Here's a close-up so you can ooh and ah some more:
So are y'all done oohing and awing??? Well here's why it almost didn't happen. You see, when the designer asked if I could paint "this" I thought she meant "this":
When, in fact, she meant "this":
Yep, I had already started on that gorgeous piece. Yep, I was going to paint that gorgeous burled walnut. Did I want to? Well heck no, but she had asked me to so I was gonna. Luckily I had only painted the leg when divine intervention occurred. Praise that sweet Baby Jesus for watching out for my you-know-what before I ruined that beautiful piece of wood that probably cost more than my house! Yes, people, if I didn't believe in God before, which I most assuredly did, but just in case there was any doubt it has been wiped clean! I now have no doubt that He exists and I'm pretty sure He has His angels working over-time just to save my you-know-what!
I am further blessed by the fact that both the designer and the client thought it was funny. I don't think they really believed me when I told them that if I had painted that beautiful piece of wood (although I have no doubt it would have looked FAB-U-LOUS!) and then found out I wasn't supposed to that they would be attending my funeral. Nope, I don't think they believed me when I told them that I had a small heart attack while being told on the phone I held in one hand that I was NOT supposed to be painting that gorgeous burled walnut vanity with my other hand...
Praise sweet Baby Jesus I was able to get all that primer off. I had to use the owner's tooth brush to get into all the nooks and crannies, because you know I'm very thorough... but what a small price to pay, I mean what's a new toothbrush compared to priceless burled walnut?????
Yep, I have a new rule for the designer - she now has to physically touch whatever it is she is asking me to paint.

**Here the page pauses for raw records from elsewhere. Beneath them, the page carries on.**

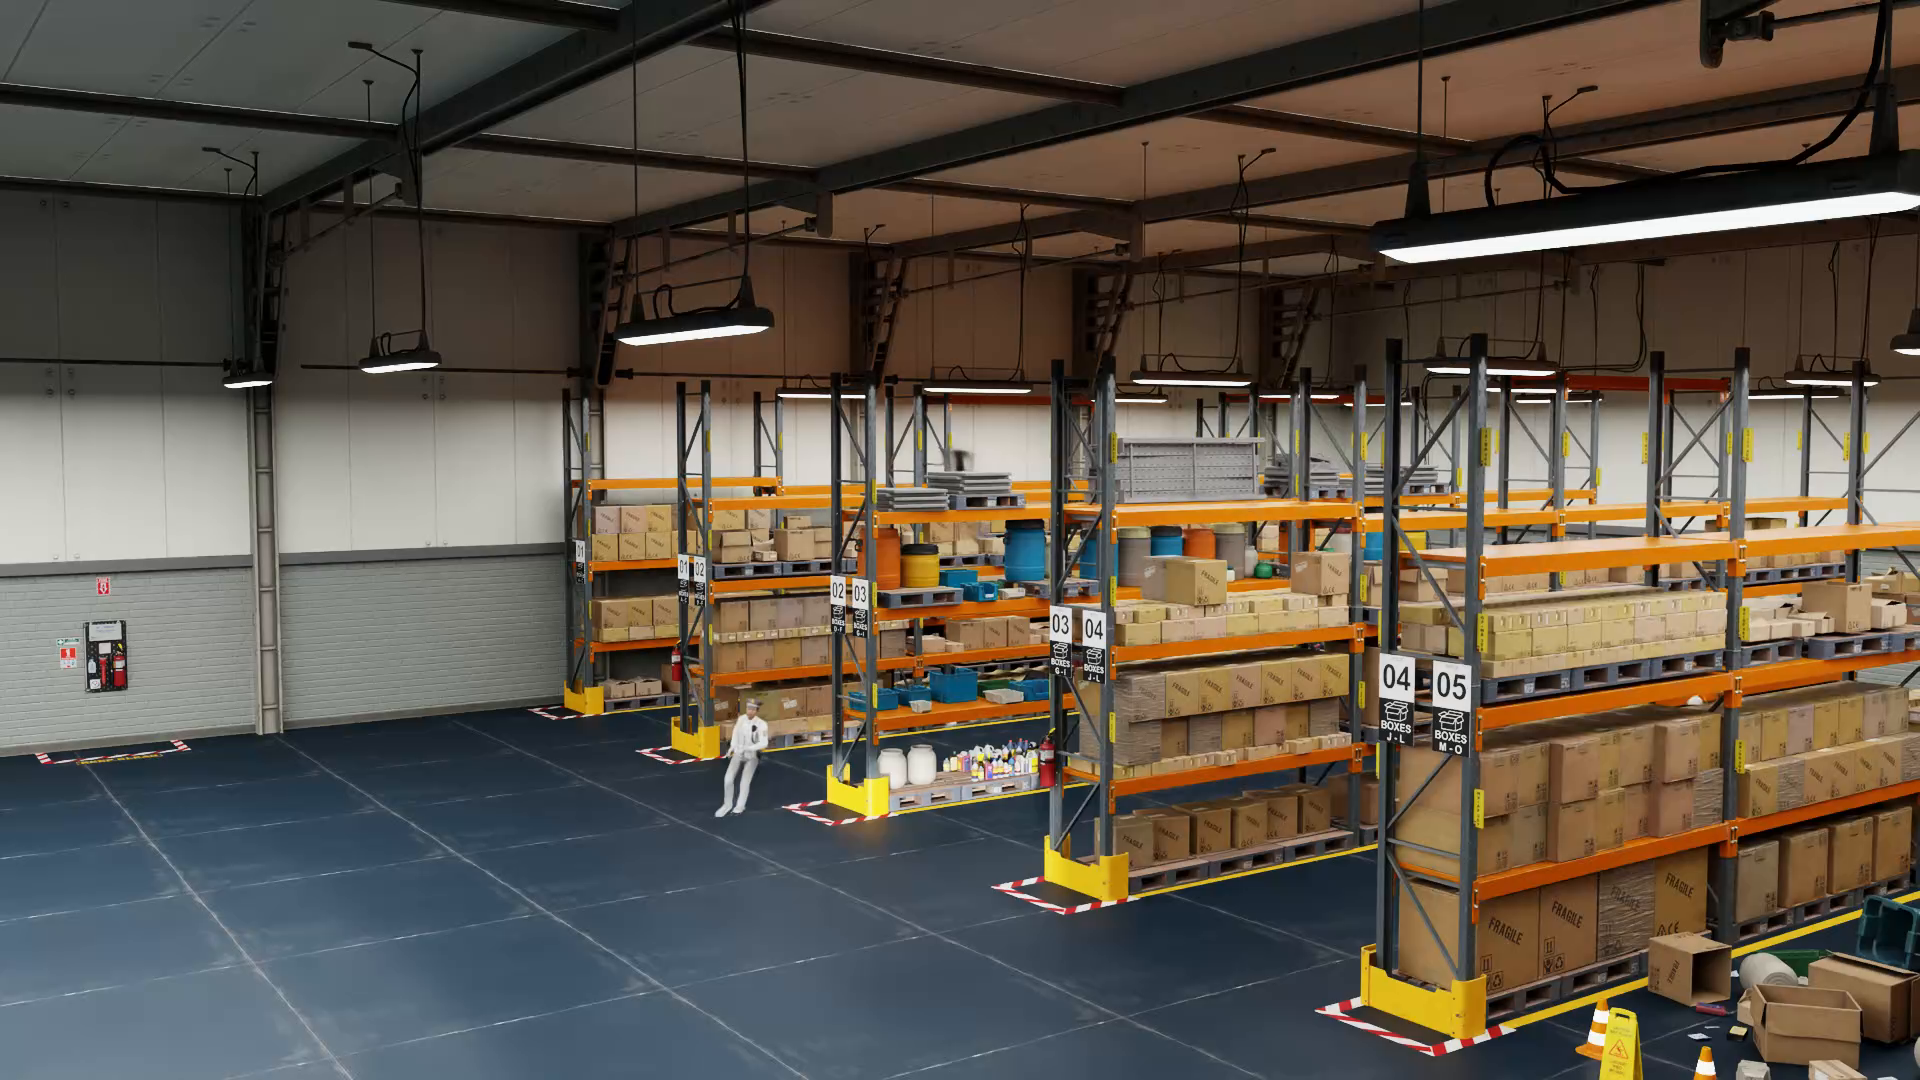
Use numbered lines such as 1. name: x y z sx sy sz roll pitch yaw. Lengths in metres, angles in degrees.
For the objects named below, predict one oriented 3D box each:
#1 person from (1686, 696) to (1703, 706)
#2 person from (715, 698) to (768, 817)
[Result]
1. person: 9.666 2.893 21.908 0.794 1.714 0.710 -2 4 -32
2. person: -2.918 2.910 22.308 0.742 1.627 0.696 1 4 12

And she doesn't know it yet, but I'm gonna make her get texting on her phone so that when she calls me and says "can you paint such and such..." I can then text her a picture so that I am certain we are talking about the same "such and such." just sayin'
So one last time, I'd just like to thank sweet Baby Jesus for taking care of my you-know-what and saving me so that I am still here and able to entertain all you lovely people with my next near death experience.